Я медленно перевёл взгляд с его поросячьих глазок на объёмное пузо.

Смех покатился над составом. Хохотали все: Иван Арнольдович, кашляя и всхлипывая, медсёстры, прижимая ладони к губам, даже санитары, толкая друг друга локтями. Коля, всегда серьёзный и хмурый, и тот улыбался уголками рта. Этот смех был страшнее любого разноса, потому что бил прямо по самолюбию, по тому, что было у Аполлинария Фёдоровича, видимо, единственным из достоинств. Смех, летевший отовсюду, рушил его авторитет, его власть – всё то, на чём держалось мироздание этого рыхлого.

– Ах, ты… – взвизгнул он и бросился на меня с кулаками.

Коля перехватил его почти неуловимым движением.
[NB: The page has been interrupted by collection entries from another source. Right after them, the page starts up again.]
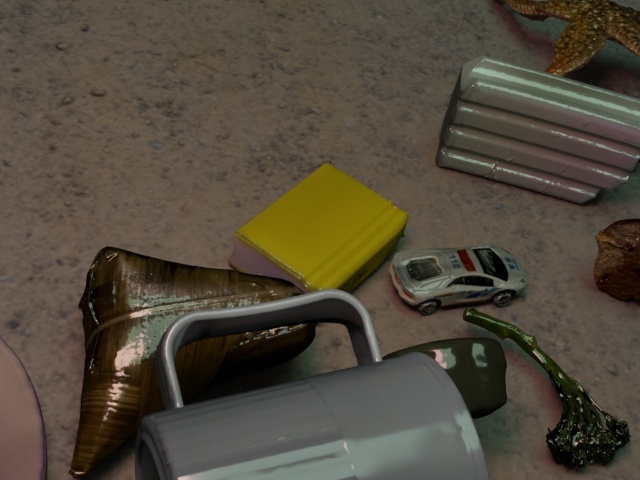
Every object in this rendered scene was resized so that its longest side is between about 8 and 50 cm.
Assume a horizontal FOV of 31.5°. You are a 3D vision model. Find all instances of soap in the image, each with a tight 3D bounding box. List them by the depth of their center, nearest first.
[{"bbox_3d":[0.336,-0.166,1.733,0.289,0.173,0.095,15,45,0],"label":"soap"}]

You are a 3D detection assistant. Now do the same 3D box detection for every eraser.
[{"bbox_3d":[-0.385,0.220,1.247,0.204,0.059,0.243,-27,49,-35],"label":"eraser"},{"bbox_3d":[0.000,0.000,1.561,0.158,0.069,0.226,36,49,17],"label":"eraser"}]

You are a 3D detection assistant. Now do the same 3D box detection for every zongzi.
[{"bbox_3d":[-0.151,0.158,1.333,0.286,0.134,0.288,7,52,-6],"label":"zongzi"}]

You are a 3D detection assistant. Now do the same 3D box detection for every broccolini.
[{"bbox_3d":[0.271,0.191,1.456,0.271,0.062,0.123,43,36,18],"label":"broccolini"}]

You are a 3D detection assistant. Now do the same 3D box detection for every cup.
[{"bbox_3d":[-0.020,0.238,1.164,0.311,0.331,0.257,-9,14,-19],"label":"cup"}]

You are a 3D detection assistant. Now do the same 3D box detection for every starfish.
[{"bbox_3d":[0.483,-0.326,1.935,0.398,0.132,0.384,18,36,-1],"label":"starfish"}]

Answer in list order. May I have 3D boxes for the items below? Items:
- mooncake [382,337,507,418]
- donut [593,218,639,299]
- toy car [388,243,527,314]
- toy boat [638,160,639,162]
[{"bbox_3d":[0.150,0.174,1.370,0.168,0.175,0.104,-20,77,16],"label":"mooncake"},{"bbox_3d":[0.531,0.050,1.627,0.295,0.112,0.151,26,44,9],"label":"donut"},{"bbox_3d":[0.194,0.046,1.579,0.205,0.056,0.095,-5,48,-18],"label":"toy car"},{"bbox_3d":[0.495,-0.176,1.871,0.066,0.059,0.140,-8,42,14],"label":"toy boat"}]
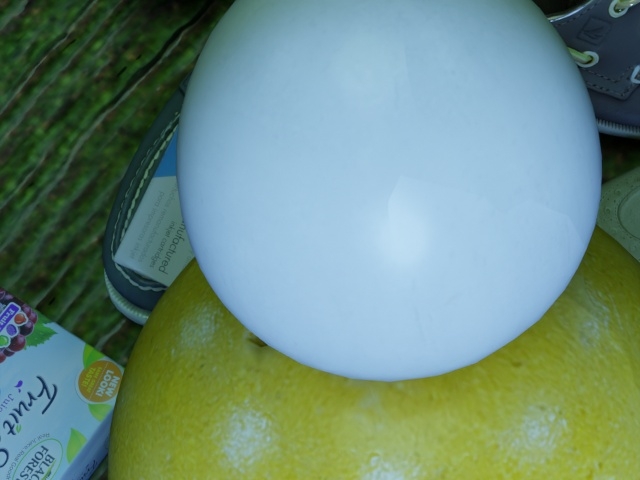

Двумя пальцами сжав за нижнюю губу, вывернув и потянув её вниз. Аполлинарий взвизгнул ещё сильнее и рухнул на колени. Чарный стоял над ним, спокойный, как обычно, и говорил размеренно, негромко, но так, что слышно было всем:

– Не сметь мешать работать доктору Николину. Ясно? А то хобот вырву.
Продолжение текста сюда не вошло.